■ **Source data**:
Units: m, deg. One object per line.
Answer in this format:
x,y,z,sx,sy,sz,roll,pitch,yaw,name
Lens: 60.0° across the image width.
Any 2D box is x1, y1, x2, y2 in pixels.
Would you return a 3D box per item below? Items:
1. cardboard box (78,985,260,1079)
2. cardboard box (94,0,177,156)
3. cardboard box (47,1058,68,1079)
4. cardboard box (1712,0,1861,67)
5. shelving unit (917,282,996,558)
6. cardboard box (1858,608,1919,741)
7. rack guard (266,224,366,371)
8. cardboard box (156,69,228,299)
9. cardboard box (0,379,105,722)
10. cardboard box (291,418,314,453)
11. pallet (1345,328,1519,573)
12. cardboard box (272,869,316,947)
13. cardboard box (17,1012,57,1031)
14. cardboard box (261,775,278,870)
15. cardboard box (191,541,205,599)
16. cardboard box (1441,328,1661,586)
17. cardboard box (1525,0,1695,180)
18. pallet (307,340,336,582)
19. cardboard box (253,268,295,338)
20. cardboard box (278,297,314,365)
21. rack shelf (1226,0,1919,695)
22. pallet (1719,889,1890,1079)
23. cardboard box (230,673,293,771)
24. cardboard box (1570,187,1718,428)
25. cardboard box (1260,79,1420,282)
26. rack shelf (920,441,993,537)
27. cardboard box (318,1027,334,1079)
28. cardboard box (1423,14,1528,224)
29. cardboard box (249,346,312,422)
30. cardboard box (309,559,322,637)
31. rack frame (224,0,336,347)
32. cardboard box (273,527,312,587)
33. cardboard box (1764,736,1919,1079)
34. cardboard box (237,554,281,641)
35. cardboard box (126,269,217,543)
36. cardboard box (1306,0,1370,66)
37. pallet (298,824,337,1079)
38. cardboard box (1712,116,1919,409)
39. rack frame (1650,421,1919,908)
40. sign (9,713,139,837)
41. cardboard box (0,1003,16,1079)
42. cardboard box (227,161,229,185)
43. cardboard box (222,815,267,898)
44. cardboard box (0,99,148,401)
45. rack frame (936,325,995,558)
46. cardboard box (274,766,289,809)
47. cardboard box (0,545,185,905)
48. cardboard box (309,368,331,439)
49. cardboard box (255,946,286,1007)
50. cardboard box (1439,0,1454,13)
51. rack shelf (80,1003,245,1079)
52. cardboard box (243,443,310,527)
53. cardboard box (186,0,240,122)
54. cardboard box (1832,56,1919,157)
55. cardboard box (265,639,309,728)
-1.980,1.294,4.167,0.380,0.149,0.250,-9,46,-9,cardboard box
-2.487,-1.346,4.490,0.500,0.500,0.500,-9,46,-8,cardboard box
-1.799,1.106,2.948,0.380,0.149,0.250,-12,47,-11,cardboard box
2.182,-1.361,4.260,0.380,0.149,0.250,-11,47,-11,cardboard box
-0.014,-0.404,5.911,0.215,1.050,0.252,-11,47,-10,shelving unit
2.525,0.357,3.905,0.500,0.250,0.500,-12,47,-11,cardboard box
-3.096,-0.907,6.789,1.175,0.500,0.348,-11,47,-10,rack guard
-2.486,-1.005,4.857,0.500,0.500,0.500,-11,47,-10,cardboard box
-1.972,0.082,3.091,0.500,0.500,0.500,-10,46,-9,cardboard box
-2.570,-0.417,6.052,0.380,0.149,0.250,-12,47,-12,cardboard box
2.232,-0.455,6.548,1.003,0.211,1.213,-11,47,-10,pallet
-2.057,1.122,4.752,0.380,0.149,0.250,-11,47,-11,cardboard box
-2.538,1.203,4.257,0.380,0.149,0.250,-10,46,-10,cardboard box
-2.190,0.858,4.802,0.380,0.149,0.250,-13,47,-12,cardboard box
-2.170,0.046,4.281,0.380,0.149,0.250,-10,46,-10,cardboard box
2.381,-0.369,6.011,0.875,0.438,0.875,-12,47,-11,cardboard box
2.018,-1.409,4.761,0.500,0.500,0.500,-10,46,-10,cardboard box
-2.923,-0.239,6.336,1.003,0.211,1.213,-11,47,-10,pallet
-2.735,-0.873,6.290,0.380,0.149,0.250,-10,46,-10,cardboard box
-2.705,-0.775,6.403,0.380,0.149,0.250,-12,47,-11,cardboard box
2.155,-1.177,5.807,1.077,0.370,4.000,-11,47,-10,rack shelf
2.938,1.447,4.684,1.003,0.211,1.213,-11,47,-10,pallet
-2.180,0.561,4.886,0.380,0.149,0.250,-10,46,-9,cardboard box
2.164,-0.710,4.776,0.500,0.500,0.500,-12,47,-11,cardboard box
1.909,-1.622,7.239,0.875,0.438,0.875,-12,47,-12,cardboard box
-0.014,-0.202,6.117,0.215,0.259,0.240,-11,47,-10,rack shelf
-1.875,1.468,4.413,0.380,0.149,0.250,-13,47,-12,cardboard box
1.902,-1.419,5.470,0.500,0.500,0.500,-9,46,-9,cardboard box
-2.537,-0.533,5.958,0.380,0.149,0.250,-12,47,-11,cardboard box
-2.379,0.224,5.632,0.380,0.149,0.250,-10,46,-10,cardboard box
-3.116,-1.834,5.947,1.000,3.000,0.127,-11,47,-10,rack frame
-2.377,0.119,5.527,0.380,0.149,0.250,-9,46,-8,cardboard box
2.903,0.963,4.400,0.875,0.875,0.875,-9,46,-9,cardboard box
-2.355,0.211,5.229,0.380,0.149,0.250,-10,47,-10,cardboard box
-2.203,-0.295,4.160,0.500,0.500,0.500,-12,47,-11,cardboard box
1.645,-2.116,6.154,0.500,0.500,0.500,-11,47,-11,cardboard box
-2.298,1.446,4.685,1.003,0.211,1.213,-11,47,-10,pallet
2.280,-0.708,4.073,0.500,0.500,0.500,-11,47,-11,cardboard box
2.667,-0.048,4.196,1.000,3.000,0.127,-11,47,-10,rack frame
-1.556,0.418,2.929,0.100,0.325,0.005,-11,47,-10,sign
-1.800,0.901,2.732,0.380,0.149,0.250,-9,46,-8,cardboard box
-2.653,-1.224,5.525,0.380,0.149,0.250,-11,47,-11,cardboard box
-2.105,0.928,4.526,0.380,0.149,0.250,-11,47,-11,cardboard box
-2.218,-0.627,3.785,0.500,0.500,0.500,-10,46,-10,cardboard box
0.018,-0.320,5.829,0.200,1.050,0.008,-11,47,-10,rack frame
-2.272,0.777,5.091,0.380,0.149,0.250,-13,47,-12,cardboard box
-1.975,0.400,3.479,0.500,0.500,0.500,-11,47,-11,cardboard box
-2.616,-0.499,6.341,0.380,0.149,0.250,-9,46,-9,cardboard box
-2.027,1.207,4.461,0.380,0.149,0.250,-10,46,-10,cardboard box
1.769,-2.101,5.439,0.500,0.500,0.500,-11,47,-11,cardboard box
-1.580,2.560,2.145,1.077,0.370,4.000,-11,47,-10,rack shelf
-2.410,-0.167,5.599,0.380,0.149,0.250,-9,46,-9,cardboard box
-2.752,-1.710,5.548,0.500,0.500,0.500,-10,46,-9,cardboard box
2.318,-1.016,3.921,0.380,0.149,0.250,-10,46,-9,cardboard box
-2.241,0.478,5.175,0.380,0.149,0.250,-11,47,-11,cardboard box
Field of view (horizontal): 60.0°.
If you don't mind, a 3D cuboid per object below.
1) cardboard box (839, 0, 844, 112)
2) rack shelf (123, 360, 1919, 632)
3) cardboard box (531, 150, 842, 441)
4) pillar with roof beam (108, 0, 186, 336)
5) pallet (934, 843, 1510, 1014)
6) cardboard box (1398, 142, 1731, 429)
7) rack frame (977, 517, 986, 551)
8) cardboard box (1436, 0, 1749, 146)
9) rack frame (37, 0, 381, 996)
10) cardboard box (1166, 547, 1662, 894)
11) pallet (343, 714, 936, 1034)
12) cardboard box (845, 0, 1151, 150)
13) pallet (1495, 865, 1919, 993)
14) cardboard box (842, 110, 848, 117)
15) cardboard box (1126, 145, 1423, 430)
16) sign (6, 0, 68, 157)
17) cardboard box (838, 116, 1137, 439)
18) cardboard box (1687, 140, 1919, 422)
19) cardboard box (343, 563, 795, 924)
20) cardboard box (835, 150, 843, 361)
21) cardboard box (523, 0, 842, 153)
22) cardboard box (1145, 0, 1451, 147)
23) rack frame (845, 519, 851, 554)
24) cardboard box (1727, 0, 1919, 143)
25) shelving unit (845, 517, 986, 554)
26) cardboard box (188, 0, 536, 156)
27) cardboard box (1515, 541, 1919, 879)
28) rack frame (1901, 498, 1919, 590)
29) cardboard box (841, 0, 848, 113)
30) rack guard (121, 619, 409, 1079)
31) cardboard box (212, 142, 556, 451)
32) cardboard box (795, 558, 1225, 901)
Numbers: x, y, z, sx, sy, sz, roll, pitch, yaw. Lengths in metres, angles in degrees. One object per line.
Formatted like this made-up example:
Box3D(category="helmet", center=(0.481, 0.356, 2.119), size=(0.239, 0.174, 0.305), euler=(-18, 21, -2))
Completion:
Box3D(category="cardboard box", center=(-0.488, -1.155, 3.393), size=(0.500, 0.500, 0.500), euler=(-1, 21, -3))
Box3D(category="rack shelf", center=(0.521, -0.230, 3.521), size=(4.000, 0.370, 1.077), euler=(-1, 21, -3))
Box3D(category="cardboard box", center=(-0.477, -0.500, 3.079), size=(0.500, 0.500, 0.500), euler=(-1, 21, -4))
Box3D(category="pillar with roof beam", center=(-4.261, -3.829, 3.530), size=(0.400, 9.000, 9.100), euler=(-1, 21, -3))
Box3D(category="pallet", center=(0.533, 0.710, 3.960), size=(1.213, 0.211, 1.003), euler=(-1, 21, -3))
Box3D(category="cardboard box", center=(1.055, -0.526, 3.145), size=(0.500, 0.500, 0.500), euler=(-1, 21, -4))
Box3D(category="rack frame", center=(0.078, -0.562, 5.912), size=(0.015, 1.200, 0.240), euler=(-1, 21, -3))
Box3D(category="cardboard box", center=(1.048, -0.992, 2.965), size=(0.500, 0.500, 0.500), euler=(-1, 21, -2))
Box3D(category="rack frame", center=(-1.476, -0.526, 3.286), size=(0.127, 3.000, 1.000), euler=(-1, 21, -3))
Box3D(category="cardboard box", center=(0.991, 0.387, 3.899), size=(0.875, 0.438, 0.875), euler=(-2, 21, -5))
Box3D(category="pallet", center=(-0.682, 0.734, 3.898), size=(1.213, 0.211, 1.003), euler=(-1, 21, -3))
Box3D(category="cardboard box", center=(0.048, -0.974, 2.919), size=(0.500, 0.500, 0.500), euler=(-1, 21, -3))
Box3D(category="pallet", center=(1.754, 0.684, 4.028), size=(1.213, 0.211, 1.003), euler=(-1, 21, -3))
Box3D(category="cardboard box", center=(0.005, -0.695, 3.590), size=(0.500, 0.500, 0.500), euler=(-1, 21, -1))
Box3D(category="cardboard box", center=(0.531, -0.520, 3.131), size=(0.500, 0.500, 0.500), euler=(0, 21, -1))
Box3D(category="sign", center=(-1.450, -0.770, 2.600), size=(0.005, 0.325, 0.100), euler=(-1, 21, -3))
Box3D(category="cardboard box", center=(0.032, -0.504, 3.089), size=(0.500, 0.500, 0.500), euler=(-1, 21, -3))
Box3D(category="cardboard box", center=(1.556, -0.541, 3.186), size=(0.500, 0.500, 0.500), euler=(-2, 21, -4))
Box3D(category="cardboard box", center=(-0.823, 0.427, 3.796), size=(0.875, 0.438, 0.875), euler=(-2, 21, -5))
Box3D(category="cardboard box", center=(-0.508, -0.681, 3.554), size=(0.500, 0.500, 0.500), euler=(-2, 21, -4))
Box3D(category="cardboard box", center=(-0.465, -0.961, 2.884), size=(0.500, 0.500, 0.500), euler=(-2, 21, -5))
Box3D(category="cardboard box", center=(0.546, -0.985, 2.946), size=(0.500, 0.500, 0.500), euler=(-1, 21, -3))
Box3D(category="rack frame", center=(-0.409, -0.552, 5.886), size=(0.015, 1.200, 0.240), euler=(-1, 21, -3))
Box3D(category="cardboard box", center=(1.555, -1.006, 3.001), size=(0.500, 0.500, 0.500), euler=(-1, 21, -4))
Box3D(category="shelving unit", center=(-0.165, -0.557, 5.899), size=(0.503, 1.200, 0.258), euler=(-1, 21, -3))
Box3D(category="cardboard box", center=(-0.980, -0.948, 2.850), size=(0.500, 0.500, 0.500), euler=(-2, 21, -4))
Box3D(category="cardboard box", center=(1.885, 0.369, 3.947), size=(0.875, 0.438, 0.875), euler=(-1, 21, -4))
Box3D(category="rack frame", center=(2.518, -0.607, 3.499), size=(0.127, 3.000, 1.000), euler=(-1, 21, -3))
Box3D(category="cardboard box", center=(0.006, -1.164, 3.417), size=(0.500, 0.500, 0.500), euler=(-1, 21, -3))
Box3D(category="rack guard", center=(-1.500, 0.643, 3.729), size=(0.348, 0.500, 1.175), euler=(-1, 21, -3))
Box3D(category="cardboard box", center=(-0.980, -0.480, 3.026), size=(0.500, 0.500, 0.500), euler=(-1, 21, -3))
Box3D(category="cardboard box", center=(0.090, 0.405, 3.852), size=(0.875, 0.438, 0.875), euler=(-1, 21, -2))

■ **Requirement**:
Which lines hold the word "object"? Copy each of them from the records.

■ **Exercise result**:
Units: m, deg. One object per line.
If you don't mind, a 3D cuboid per object below.
Numbers: x, y, z, sx, sy, sz, roll, pitch, yaw. Lengths in metres, angles in degrees. One object per line.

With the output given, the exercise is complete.